The need of inculcating “Impact Investment” in Ethical Corporate Governance

  • We as human beings including our businesses depend on biodiversity to keep us alive and healthy. 
  • The air we breathe, the water we drink, the foods we eat and the medications we take are all by-products of a healthy planet.
  • But our world, and the diversity of life it supports, is under threat. 
  • Deforestation, pollution, diseases, greenhouse gas emissions, destruction of wetlands, climate change and globalization are wiping out species and damaging ecosystems at unprecedented rates. 

 

 Business Impact

 “The New Climate Economy” Report by Global Commission on the Economy and Climate

  • 95% of plastic packaging — the equivalent of $120 billion annually — is wasted after the first use.
  • microplastics have been found in almost every aquatic species.
  • Over 140 million people will be displaced from their homes by 2050 if business continues as usual.
  • Industries must drop carbon emissions by 40% by 2060 to stop the planet from warming over two degrees Celsius. 
  • In combination with action from governments and other stakeholders, businesses that take action on climate change by adopting green policies, technologies, and strategies for growth could realize a total of $26 trillion in economic benefits.

IPCC: The global temperature has already increased by 1C above pre-industrial levels. Global warming is likely to reach 1.5°C between 2030 and 2052, if warming continues at the current rate. This will jeopardize billions of lives.

CO2 levels will reach 550ppm by 2050.

Harvard Research: A high or “business as usual” scenario, CO2 levels will reach 550ppm by 2050.

Ecological Threat Register, Institute for Economics and Peace (IEP) -1.2 billion people around the world would be displaced by 2050. 

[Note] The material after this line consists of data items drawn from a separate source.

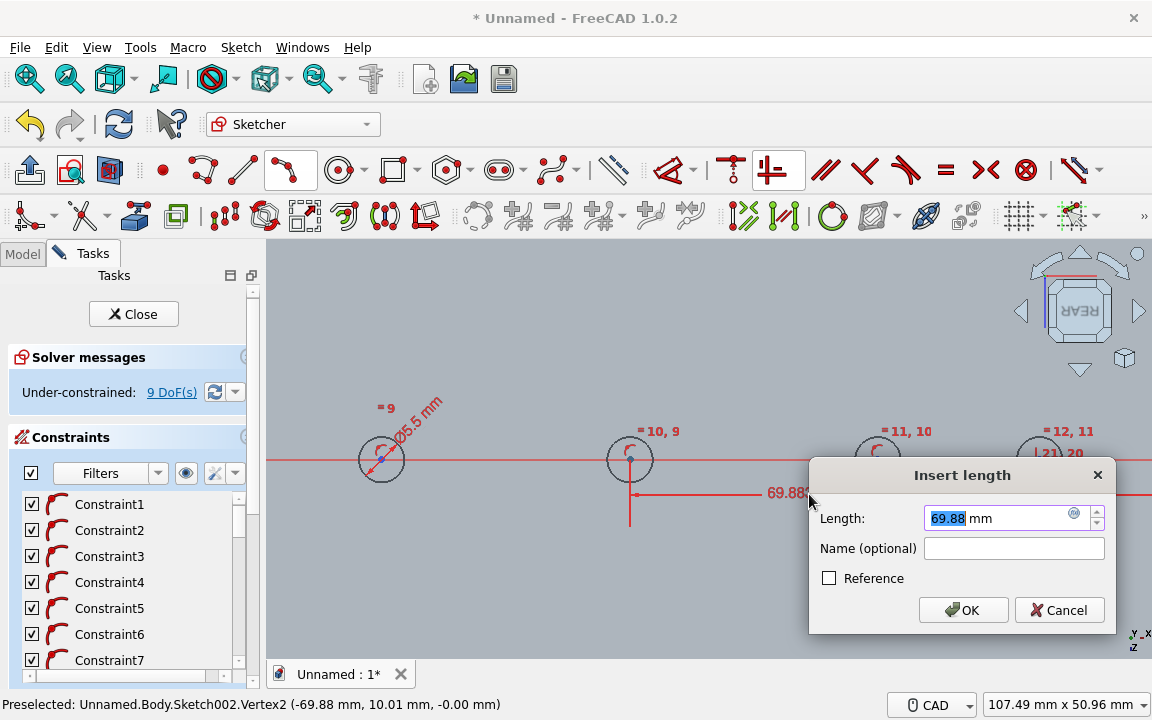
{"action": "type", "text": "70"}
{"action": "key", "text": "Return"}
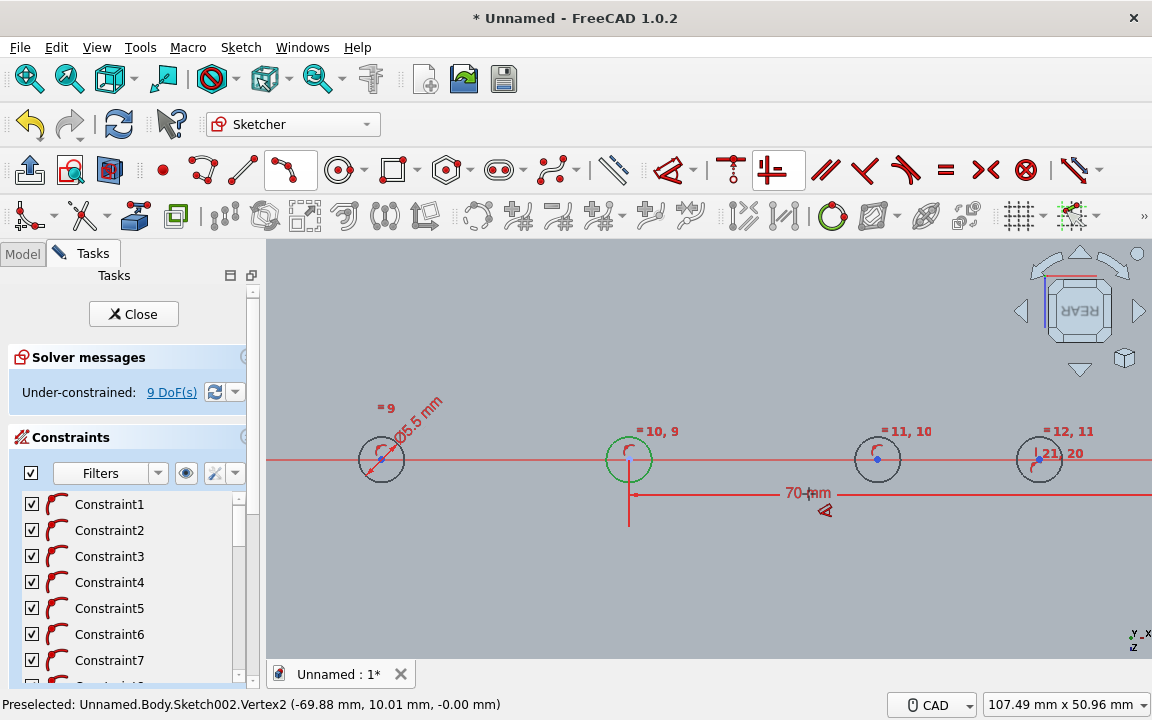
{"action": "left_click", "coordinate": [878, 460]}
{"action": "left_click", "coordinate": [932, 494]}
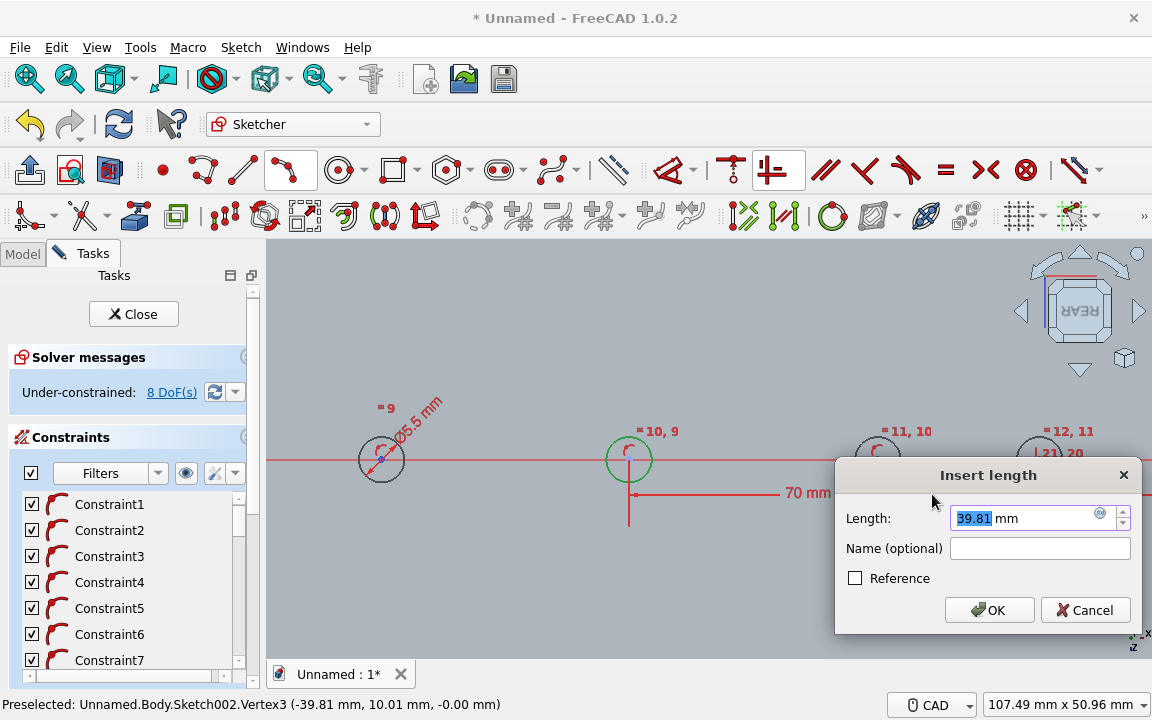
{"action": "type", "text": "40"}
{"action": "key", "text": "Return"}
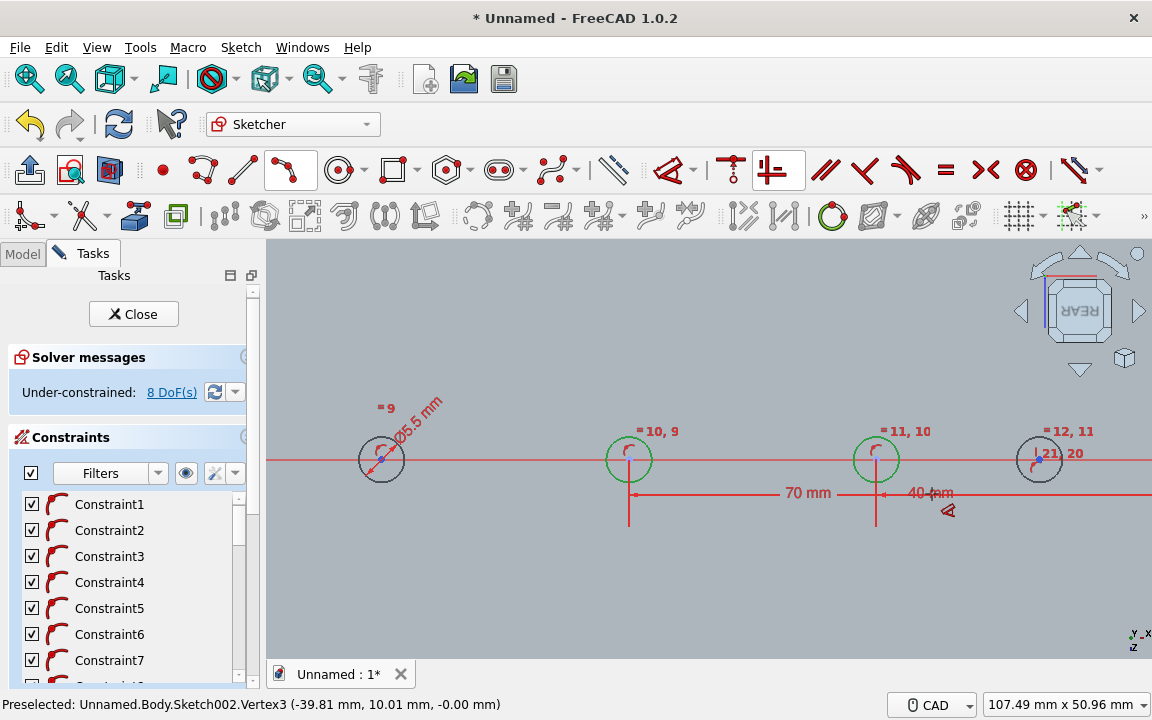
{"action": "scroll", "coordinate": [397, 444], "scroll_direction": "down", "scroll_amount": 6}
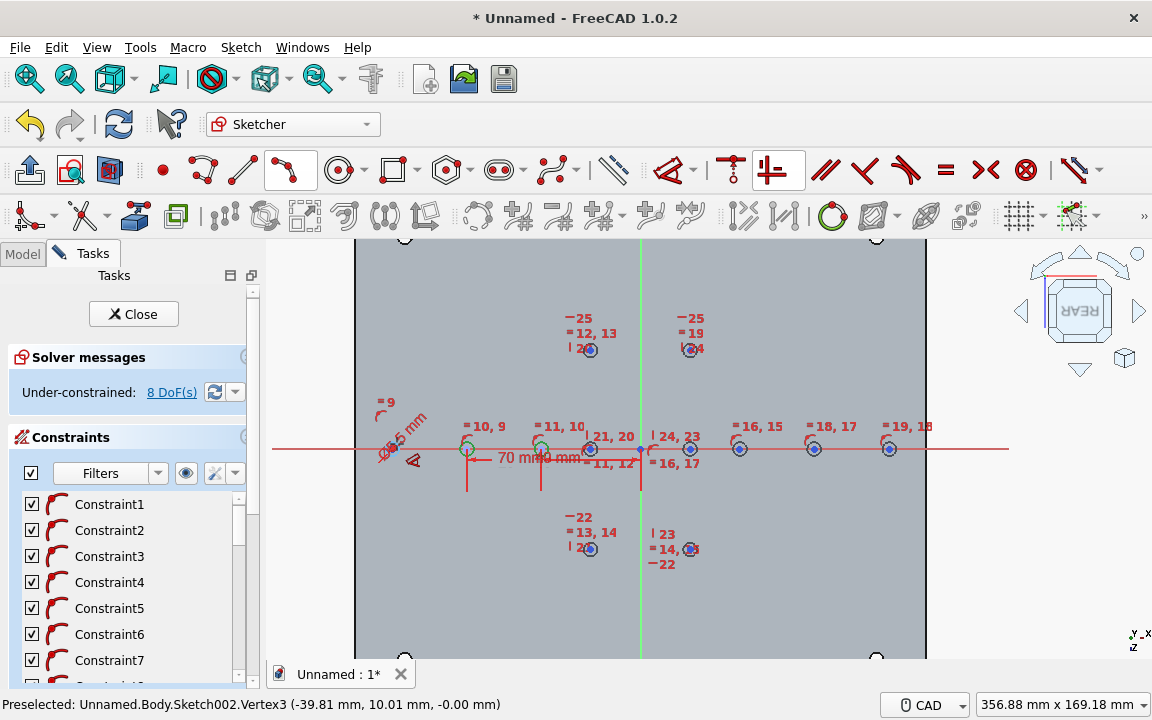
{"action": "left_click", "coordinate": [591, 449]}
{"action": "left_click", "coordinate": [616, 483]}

Extinction Rebellion Movement: With Business-as-usual only about 10 percent of the planet’s population would survive at 4 degree C. 6 billions lives will be wiped out by 2100. 



  • Larger picture: Business needs to be part of the solution, not just the problem. 
  • The sustainability of businesses in the long run is based on the impact of its investment on the whole society. 
  • After all, it is not possible to have a strong, functioning business in a world of increasing inequality, poverty and climate change.
  • We cannot be bystanders. We need to be a giver, not a taker, in a society that gives us life in the first place.

As the UN Global Compact Report stated, - the single minded goal of profit in business at any cost is fracturing societies and destroying the environment. Thus, business is threatening the very elements that underpinned its own existence.

 

Way Ahead

  • Corporate Governance can integrate this decision framework as a basis to support investments:



  • Making Thematic investment mandatory in Corporate Governance: Portfolios which contain only those investments that adhere positively to a particular sustainability theme such as:  environmental technology, carbon intensity, community investing, affordable housing, human rights etc
  • Engagement: collaboration with like minded investors on common issues.
  • Government Policy: incentivizing and promoting ethical investment between different industries and tightening of standards across the corporate board.
  • Shareholder activism: Investors who are active owners need to raise resolutions in order to achieve socially & environmentally sustainable projects.
  • The shift of approach  in business strategy can play a key role in turning the Earth into a “Planet Healthy” as Gandhiji has rightly said; 

“The world has enough for everyone's needs, but not enough for everyone's greed.”